Following the release of my novel, I was inspired to write an accompanying spiritual guidebook, The Way of Belle Coeur: A Woman’s Vade Mecum and in 2013, in response to a desire from readers of Ink and Honey, I founded a contemplative spiritual community, Belle Coeur Sisterhood. We are a global circle of women connected through our prayers, sacred practices, and creative forms of expression. Additionally, Belle Coeur Spiritual Formation, an independent six-month study and mentored program, provides personal spiritual and creative enrichment for women.
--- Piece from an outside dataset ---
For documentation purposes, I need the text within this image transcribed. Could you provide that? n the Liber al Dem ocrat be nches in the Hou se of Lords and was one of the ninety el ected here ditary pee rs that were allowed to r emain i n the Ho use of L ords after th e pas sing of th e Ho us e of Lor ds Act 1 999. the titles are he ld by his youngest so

In preparation to offer my post for this special anniversary issue, I contemplated the changing times in my novel and the challenges facing women and men today. There are parallels between the Dark Age of long ago and the uncertainties of contemporary life. However, there are also threads that connect ancient wisdom to our present day, in uplifting and soulful ways. With this thought in mind and heart, my offering is my “Author’s Message” found at the conclusion of Ink and Honey. I pray you will find a seed of inspiration to foster and grow as sustenance for this season of shifting paradigms. Blessings to you, dear reader, as you journey inwardly and outwardly and live the unfolding story of your life.

Author’s Message (an edited excerpt from the novel, Ink and Honey)
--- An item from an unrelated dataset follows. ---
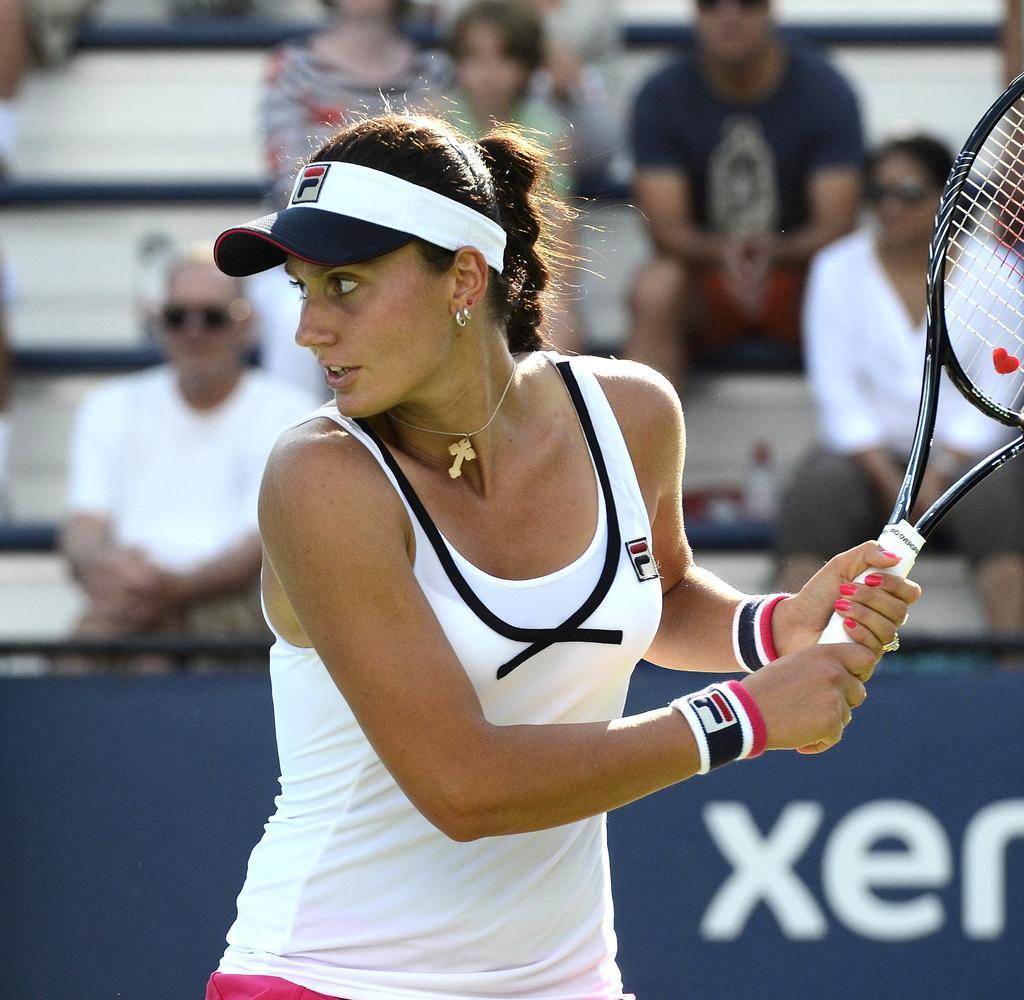Could you give a brief overview of what you see in this image? In this image, in the middle there is a woman she is standing and holding a bat which is in white color, in the background there is a poster in blue color and there are some people sitting on the chairs.

There is a sisterhood among women that transcends the boundaries of time and space. These kindred understanding of the feminine life and condition is woven into the fabric of our beings, like an Aubusson tapestry…an intricate weaving that for centuries has endured moth and mildew, flood and flame.
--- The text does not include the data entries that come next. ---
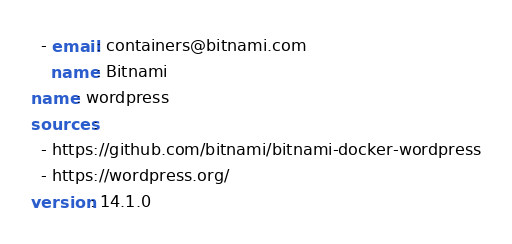Convert code to text. <code><loc_0><loc_0><loc_500><loc_500><_YAML_>  - email: containers@bitnami.com
    name: Bitnami
name: wordpress
sources:
  - https://github.com/bitnami/bitnami-docker-wordpress
  - https://wordpress.org/
version: 14.1.0
</code> 
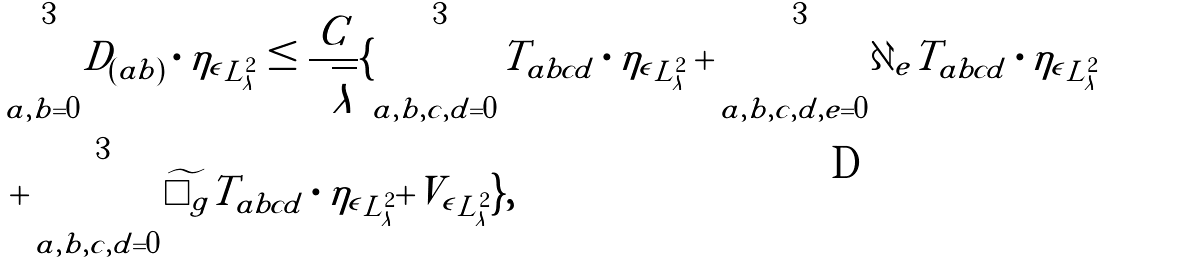<formula> <loc_0><loc_0><loc_500><loc_500>& \sum _ { a , b = 0 } ^ { 3 } | | D _ { ( a b ) } \cdot \eta _ { \epsilon } | | _ { L ^ { 2 } _ { \lambda } } \leq \frac { C } { \sqrt { \lambda } } \{ \sum _ { a , b , c , d = 0 } ^ { 3 } | | T _ { a b c d } \cdot \eta _ { \epsilon } | | _ { L ^ { 2 } _ { \lambda } } + \sum _ { a , b , c , d , e = 0 } ^ { 3 } | | \partial _ { e } T _ { a b c d } \cdot \eta _ { \epsilon } | | _ { L ^ { 2 } _ { \lambda } } \\ & + \sum _ { a , b , c , d = 0 } ^ { 3 } | | \widetilde { \Box _ { g } } T _ { a b c d } \cdot \eta _ { \epsilon } | | _ { L ^ { 2 } _ { \lambda } } + | | V _ { \epsilon } | | _ { L ^ { 2 } _ { \lambda } } \} ,</formula>

The fibers of women’s moment-to-moment experiences are spun from the taproot of ancestral wisdom. We encounter our existence intuitively, through our senses. The threads composing our days are imbued with colors harvested from our dreams and visions. Our souls are our looms, and our prayers are our shuttles that over time create the pattern and texture of our lives.

Ink and Honey is a work of fiction, yet the stories of the sisters of Belle Cœur are universal at their core. They are women’s stories of friendship and betrayal, vision and longing, passion and fear.

Within these pages, the sisters of Belle Cœur crafted a collective life, a multicolored tapestry, woven with their hands and hearts, tears and laughter, blood and bones. This book is their reliquary. It is the vessel and container for their story. These pages hold the relics and shards of the lives of ancient members of the eternal archetypal sisterhood of women.

I began writing Ink and Honey over twenty years ago. The women of the story spilled the fragments of their medieval life in the French countryside onto the pages of my journal. Their voices and spirits visited me in the early morning hours, when in their day, they would have been praying Matins or Lauds.

The sisterhood of Belle Cœur possessed my imagination and revealed how they lived in a time when women’s lives were fraught with challenge and danger, as well as moments of transcendent beauty and holy grace. I have come to believe their luminous spiritual and creative gifts and their daily unending sacrifices, although fictional in nature, reflect a part of feminine ancestral heritage.

The voices of women have literally been silenced throughout the centuries, but through the stories of the sisters of Belle Cœur, those voices return to call us to remembrance. With our remembering is also a call to action and an invitation to reflect on and honor the stories that create our lives today.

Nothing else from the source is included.